These factors can create a complex and challenging environment for managing data, and one in which libraries can have a significant positive role supporting e-science. A needs assessment can help to characterise scientists' research methods and data management practices, highlighting gaps and barriers [2], and thereby improve the odds for libraries to plan appropriately and effectively implement services in the local setting [3].

Methods

An initiative to conduct a science data services needs assessment was developed and approved in early 2009 at the University of Oregon. The initiative coincided with the hiring of a science data services librarian, and served as an initial project for the position.

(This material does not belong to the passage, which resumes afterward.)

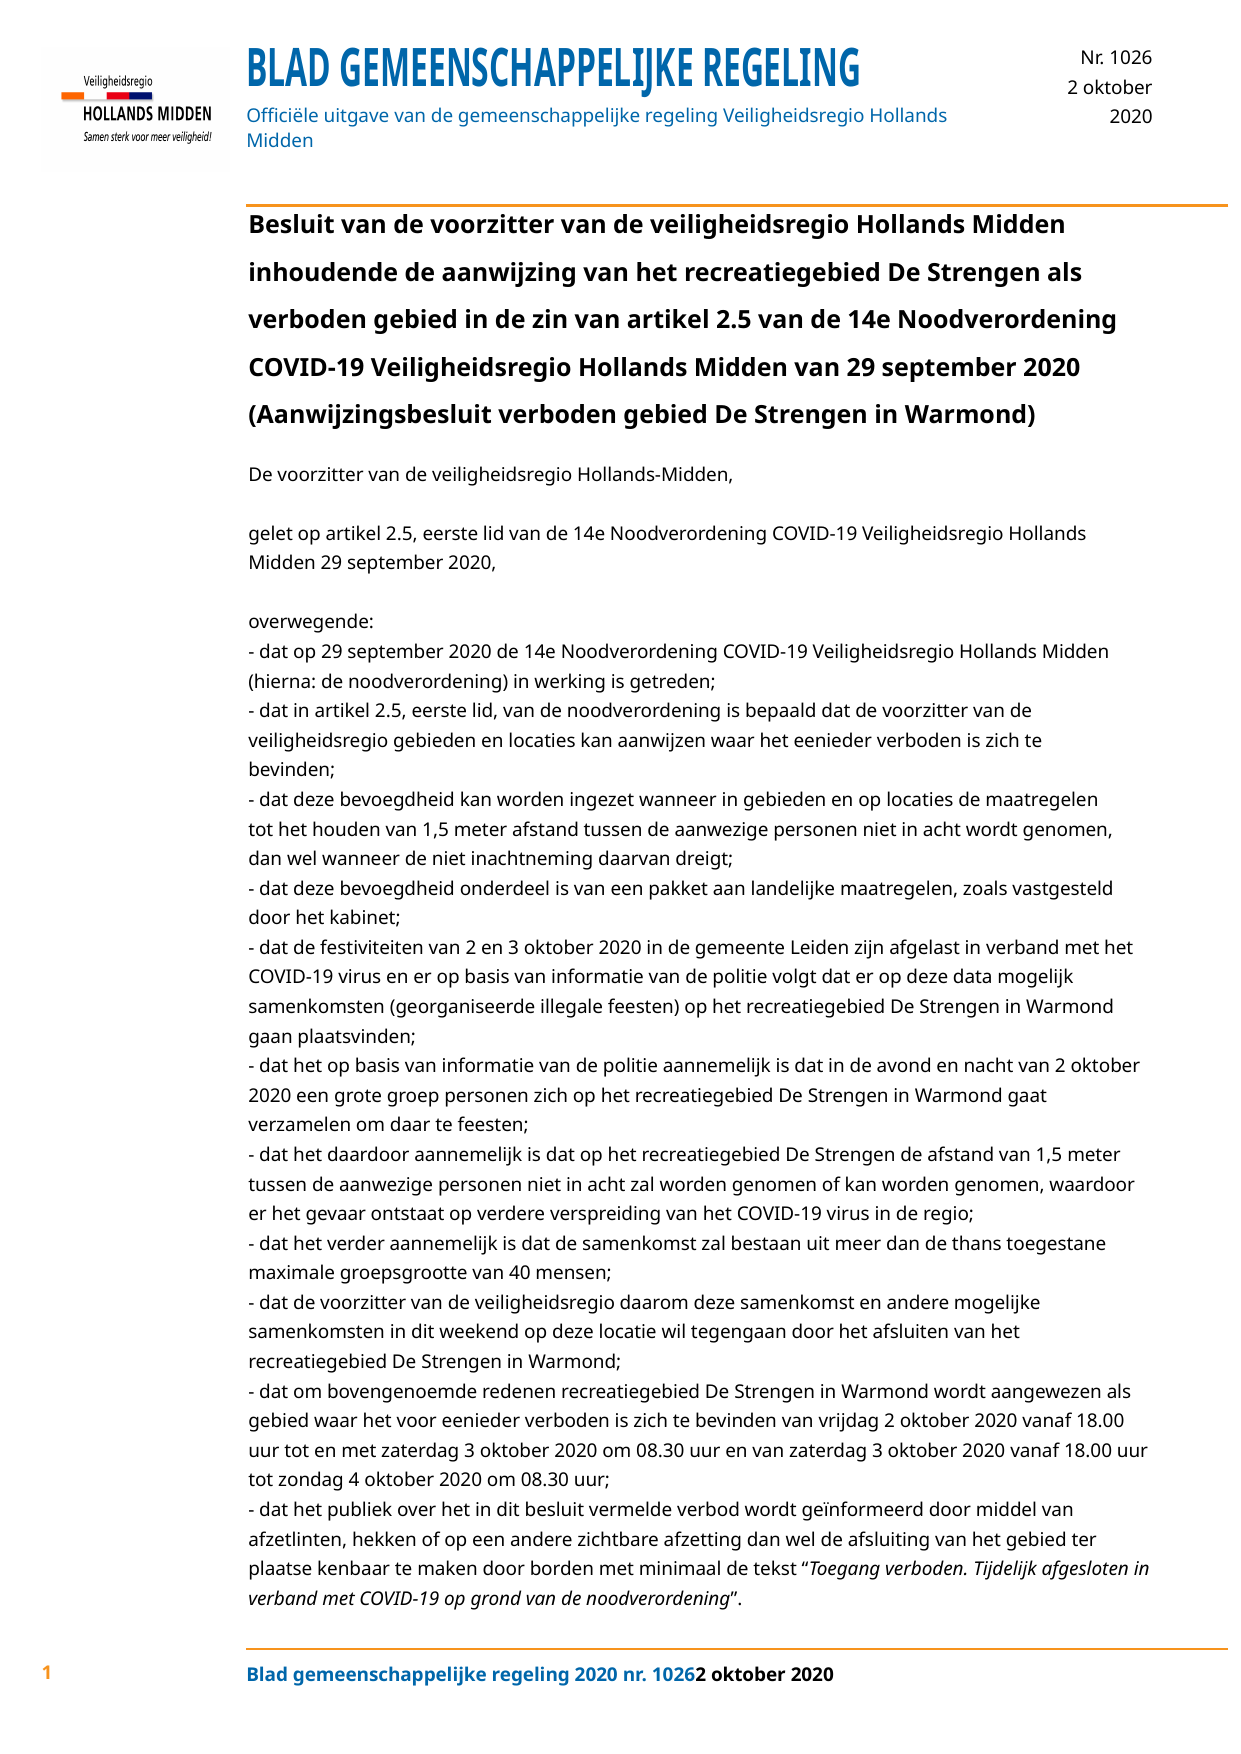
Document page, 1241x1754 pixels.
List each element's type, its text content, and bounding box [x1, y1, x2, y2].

A researcher-centric approach to the development of services was a primary factor in using an assessment to shape services [4]. The goals of the project were to:

define the information services needs of science research staff;
inform the Libraries and other stakeholders of gaps in the current service structures; and
identify research groups or staff who would be willing to participate in, and whose datasets would be good subjects for, pilot data curation projects.

The library took the lead role on the assessment, consulting with other stakeholders in its development and implementation. Campus Information Services provided input on questions regarding campus information technology infrastructure, and to avoid unnecessary overlap with other IT service activities focused on research staff. The Vice President for Research and other organisational units were advised of the project and were asked for referrals to potential project participants. These units provided valuable input in the selection of staff contacts. Librarian subject specialists also suggested staff who might be working with data and interested in participating. Librarians responsible for digital collections, records management, scholarly communications, and the institutional repository were involved in the development of the assessment questions and project plan.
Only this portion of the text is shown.